理想的な現実に向かうために必要なものは何だろうか。
希望、自信、確信、計画、様々なふうに考えられる。そこで、人の行動について単純化して考えてみる。
現在いる地点をAとして、向かいたい地点をZとする。そうすると必要なのはまず、Zに向かう方角or道のりを知る必要がある。
そして、Zに向かう道がとても長く厳しいものだとしたら、そこに辿り着くための長く持つ動力が必要になる。
まとめると、A→Zに必要なのは
①A→Zの大まかな方角or道のり
②Zに届く出力・持続力を持つ動力
①を知るために知識や思考力が必要だ。なくてもランダムウォークを繰り返すうちに辿り着くかもしれないが、確率は大きく下がる。
②は心の働きだ。それに向かうパワーを生む必要がある。パワーは脳内報酬系の働きだ。脳内報酬系がZに向かう方向に働き続けてくれればいい。
②についてもう少し考えてみる。人が行動を起こす時とはどんな場合だろうか。
・テストでいい点を取りたいから勉強する
・暑いからエアコンのスイッチを押す
・Hなことをしたいから女の子をナンパする
・喉が渇いたから飲み物を買う
・苦しみから逃れるために自殺する
全ての行動の共通点は、不快→快に向かう方向に進むことではないだろうか。ここでいう快とは快感だけでなく、快適を指す。
つまり、その人にとって快適な状態があり、その快適な状態に向かうために行動すると言える。
不快な状況+行動→快適な状況
そして脳は、この行動を起こすかどうかを判断している。判断材料となるものは何だろうか。
・不快な状況の不快度合い
・行動にかかるコスト
・快適な状況の快の度合い
それぞれ行動に与える影響を考える。人は現状が不快であるほどにそこから強く逃れようとするだろう。不快度は正の影響。コストが大きいほどやる気をなくす。負の影響。得られる(と思う)快感が大きいほどやる気をだす。正だ。
行動へのやる気 = (現状or将来の不快度合い) + (予想される快適度合い) - (コスト)
と表せる。これらはさらに細かく分析できるが、一旦ここで止めておく。もしこれが正しいとすると、現状or未来がとっても不快で、行動が容易なもので、快感がめちゃめちゃ得られると思っていれば思っているほどに動力が得られることになる。
最初の話に戻ると、A→Zに向かうのに必要なものは以下の二つ。
①道のりor方角
②動力
①は正しい知性と観察だ。
②は(現状or将来の不快度合い) + (予想される快適度合い) - (コスト)で表される。

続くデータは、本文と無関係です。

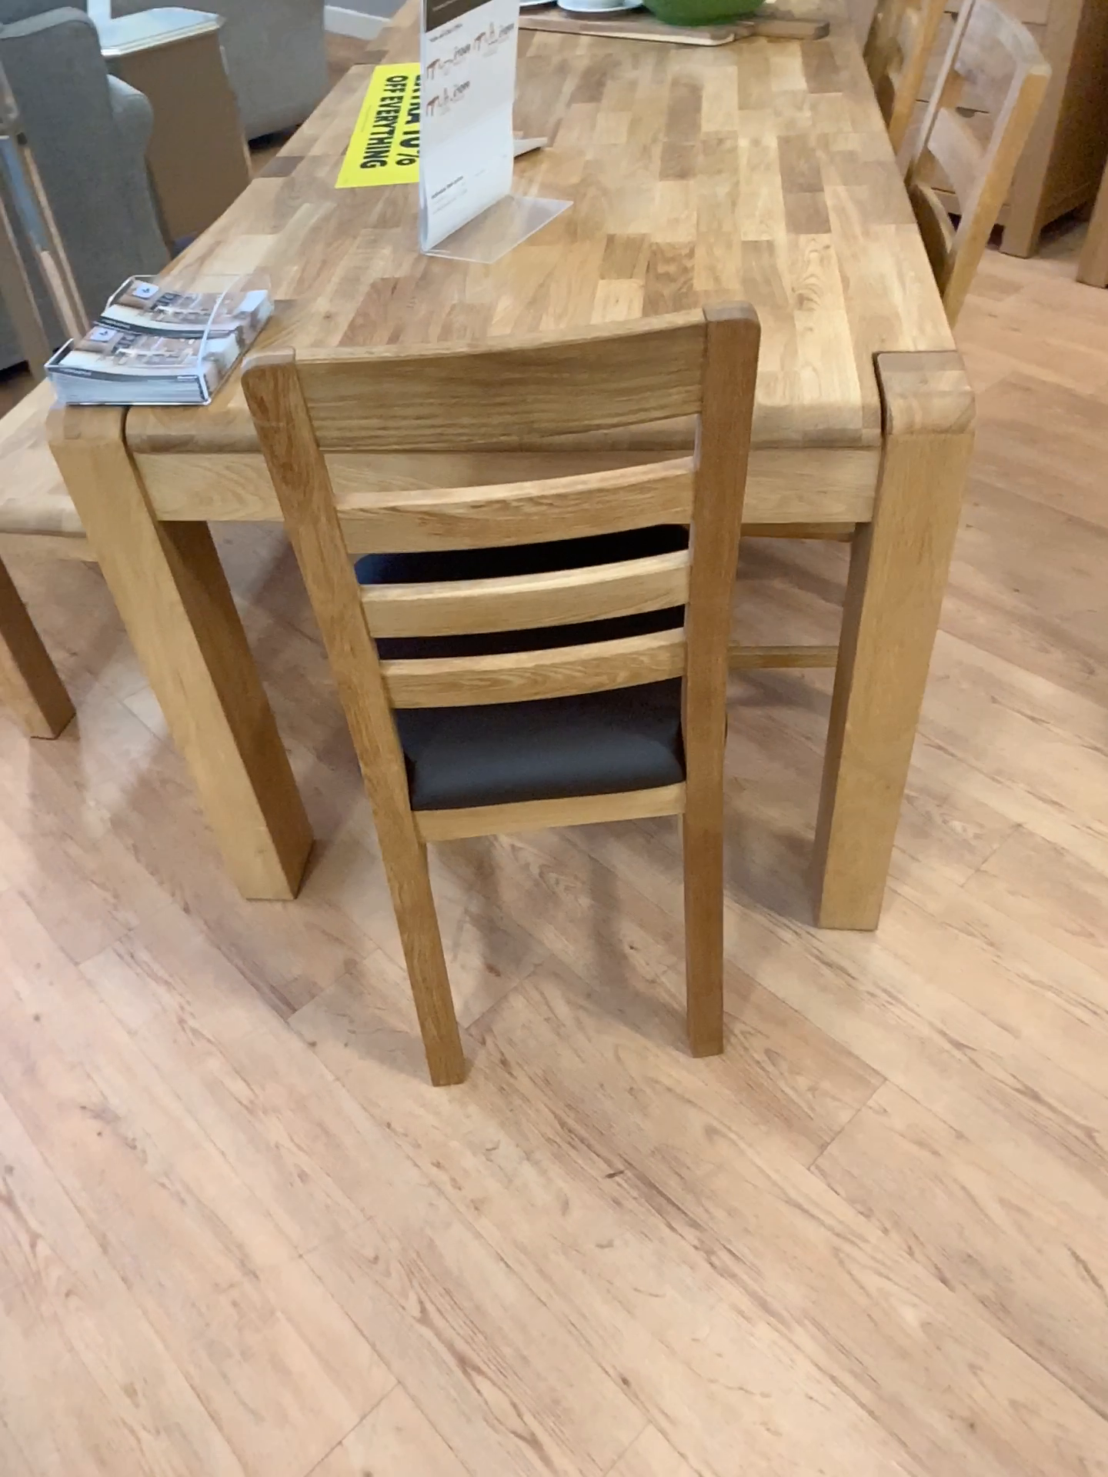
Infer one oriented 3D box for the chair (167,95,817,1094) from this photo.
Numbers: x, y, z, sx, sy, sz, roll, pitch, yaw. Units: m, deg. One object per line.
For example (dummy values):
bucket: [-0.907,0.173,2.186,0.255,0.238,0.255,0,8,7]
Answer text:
chair: [-0.027,-0.102,1.230,0.421,0.917,0.522,-5,43,0]

現実世界でのZ、向かいたい未来はきっと複雑な道のりになるだろう。大きく長く持つ動力が必要だ。
どうすれば大きな動力を得られるだろうか。
先ほどの式の値を最大化すればいいだろう。
まずコストの最小化。
だが、ここでのコストはあくまで心理的なものだ。自分が容易に達成できると心から思っていれば問題ない。向かいたい未来はきっとエアコンのスイッチを入れるような単純なアクションではないはずだ。だが、それくらい簡単だと思えればいい。
次に不快度合い+予想快適度合いの最大化。
これはつまり、自分が快適だと思っている状態が臨場感持って想像でき、かつそれが現状と離れていればいい。
上記をまるっと解決するために、ビジュアライゼーションはとても役立つと仮説を立てる。

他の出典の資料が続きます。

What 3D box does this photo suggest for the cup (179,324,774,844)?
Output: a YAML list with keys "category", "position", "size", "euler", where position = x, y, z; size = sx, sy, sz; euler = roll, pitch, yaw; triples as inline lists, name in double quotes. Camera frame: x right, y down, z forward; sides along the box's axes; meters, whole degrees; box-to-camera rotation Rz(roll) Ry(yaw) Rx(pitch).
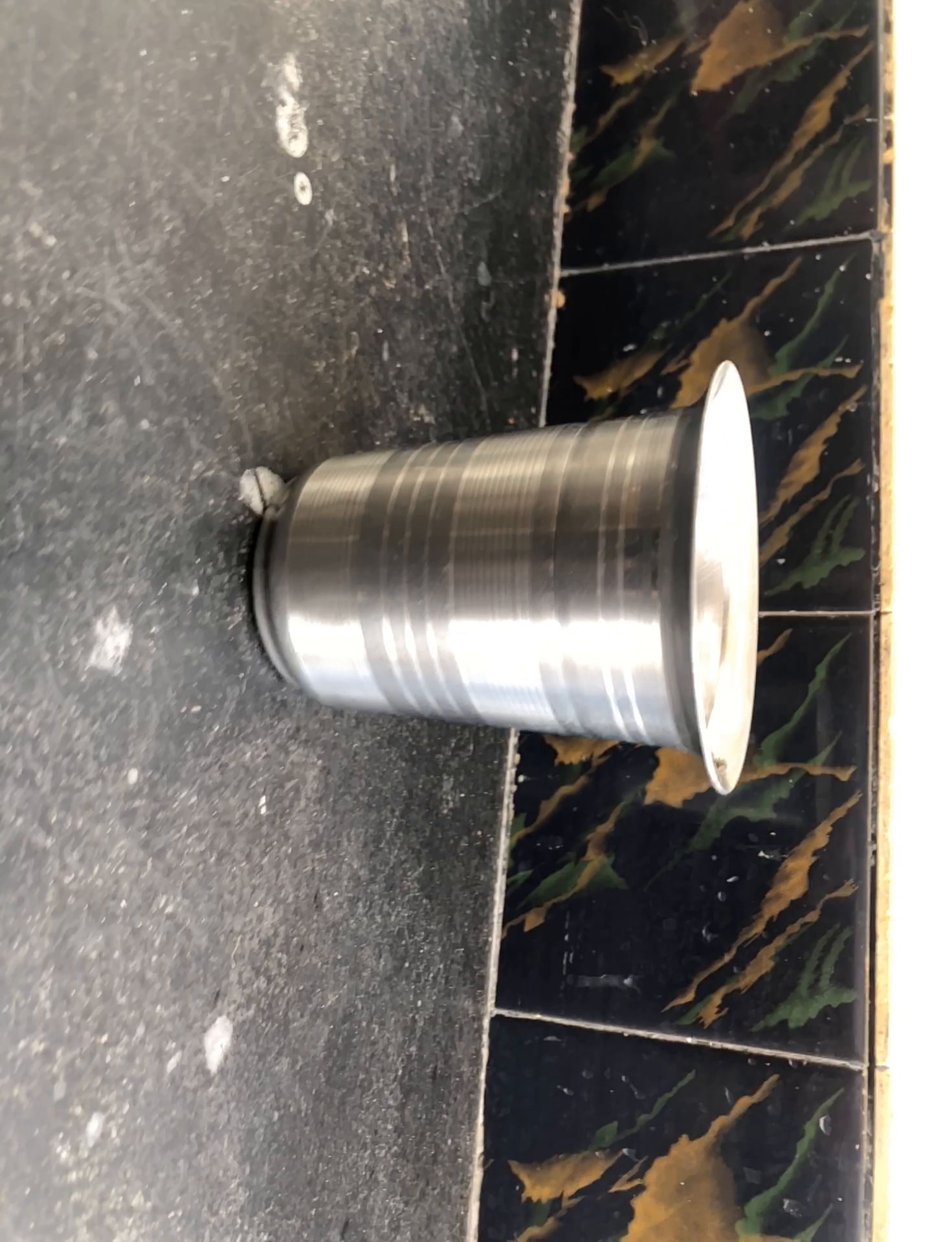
- category: "cup"
  position: [0.010, -0.011, 0.241]
  size: [0.091, 0.109, 0.090]
  euler: [1, 90, -69]

ビジュアライゼーションは退行催眠の逆、未来を想起し、イメージする方法だ。
自分に意識を集中させ、カレンダーor時間がどんどん進み、自分が少し歳をとった未来をイメージする。そしてその時の自分が、理想の未来に進んだ時のイメージや状況・感情を頭の中で映像化する。
そうして未来の自己像が出来上がれば、自信・自己効用感が作られる。つまりコストが低下する。そして快適度合いを臨場感持ってイメージできているからこそ、快適度合いは上昇し、そこから見た現状の不快度合いも上昇する。つまり、向かいたい未来に向かって自分の快適だと思う状態がズレることになる。
ただし、この方法で進むのはあくまで脳内麻薬中毒になっているだけだ。その未来のゴールの種類のバランスを持つことと、執着と適切な距離を持てなければ、病床に向かう死の行進だ。